The main limitation of the data used in our analysis is that all but two screening studies [20, 23] used only a single screening (likely to be first round) for DBT. When only first DBT screening rounds are used [19, 24, 26,27,28,29], more prevalent cases are usually detected, increasing CDR and potentially exaggerating the contribution of DBT to screen-detection measures. Another limitation is the short temporal perspective in all these studies: because of the recent introduction of DBT, the lack of long follow-up makes it impossible to assess whether the improved CDR and sensitivity of DBT screening further reduces BC mortality through screening compared to screening with DM alone. The retrospective studies had one major limitation in that they used two study groups (DM group versus DBT group) which were not randomly assigned to screening modalities. The study groups were from different time periods (or services) and in the DBT implementation phase, or due to the limit of DBT availability, there may have been selection to DBT screening and hence potential bias. In those studies, DBT groups were more likely to include women with dense breasts and family history indicating high cancer rate. The incremental value of DBT in those studies may be partially due to possible selection bias. Finally, in order to be able to compute the results, we made an assumption of independent screens, which might not be the case in the few studies that included more than one screening round [20, 25] or where study populations might overlap [16, 19]. However, estimates from those studies were similar to the other studies, thus we do not foresee that this assumption affected our reported findings.

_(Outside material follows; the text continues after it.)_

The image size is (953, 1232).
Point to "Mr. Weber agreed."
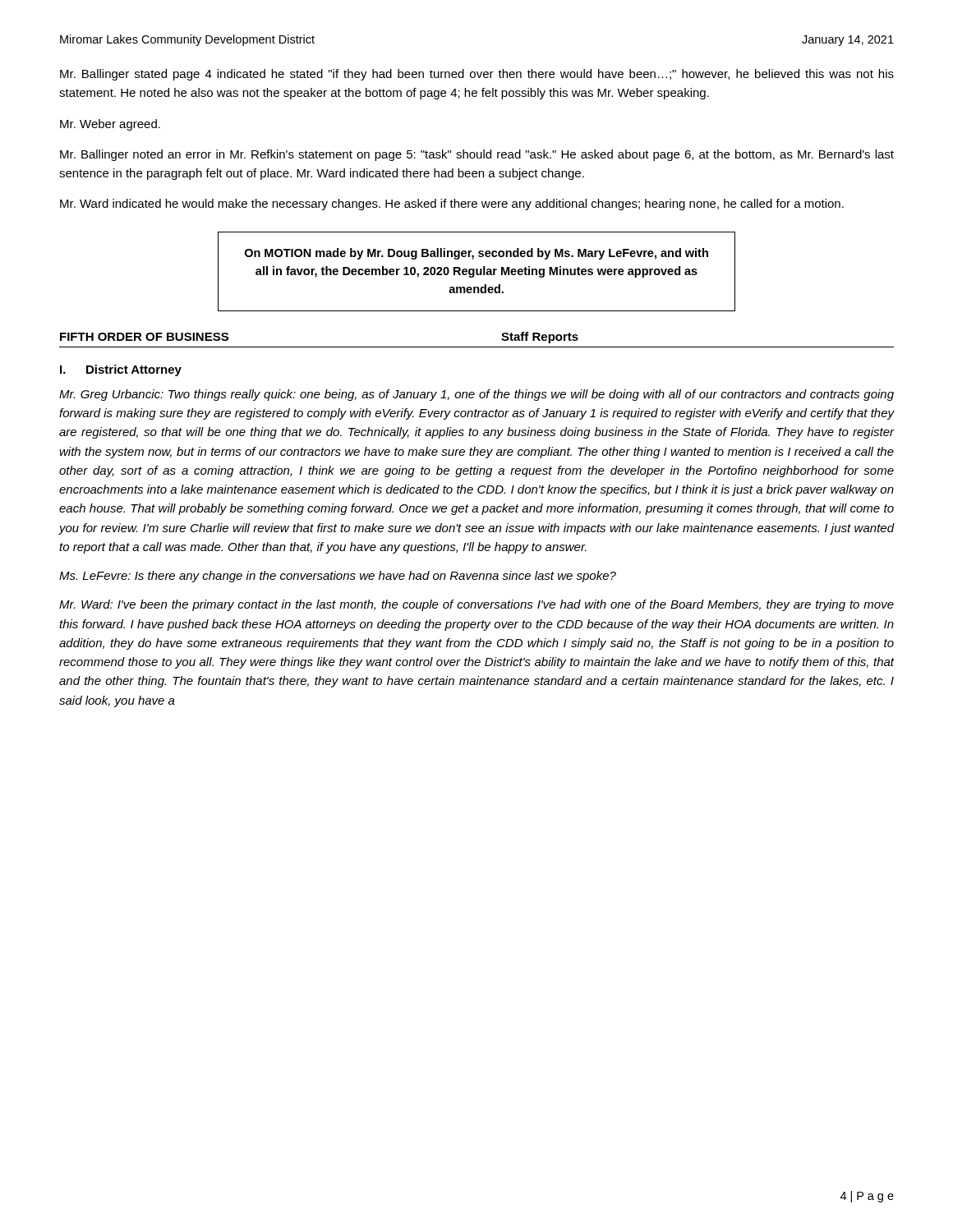tap(110, 123)

We performed a systematic review to summarize current evidence on the use of DBT in BC screening and diagnosis specifically in women with dense breasts on mammography. We identified and systematically examined data for women with dense breasts from 16 eligible studies to report the most extensive review so far on the accuracy of DBT in women with dense breasts. Moreover, this is the first review assessing the quality of evidence and bias in the studies on DBT in women with dense breasts.

Conclusion

We found that in both the screening and diagnostic settings, DBT improved CDR (versus DM) in women with dense breasts. In the diagnostic setting, using DBT with or without DM increased sensitivity but did not change specificity. There was a significant reduction in recall rate when using DBT with DM (versus DM) in retrospective screening studies comparing between two study groups, although heterogeneity across studies was relatively high. A small number of prospective studies conducted in organized screening programs did not show reduced recall from using DBT. Improved CDR and reduced recall rate from DBT may imply a more effective screening test or diagnostic work-up for women with dense breasts. However, the critical issue is that more studies with longer follow-up and more screening rounds are necessary to draw definite conclusions on whether this improvement in cancer detection has an impact on interval cancer rates and potentially on BC mortality.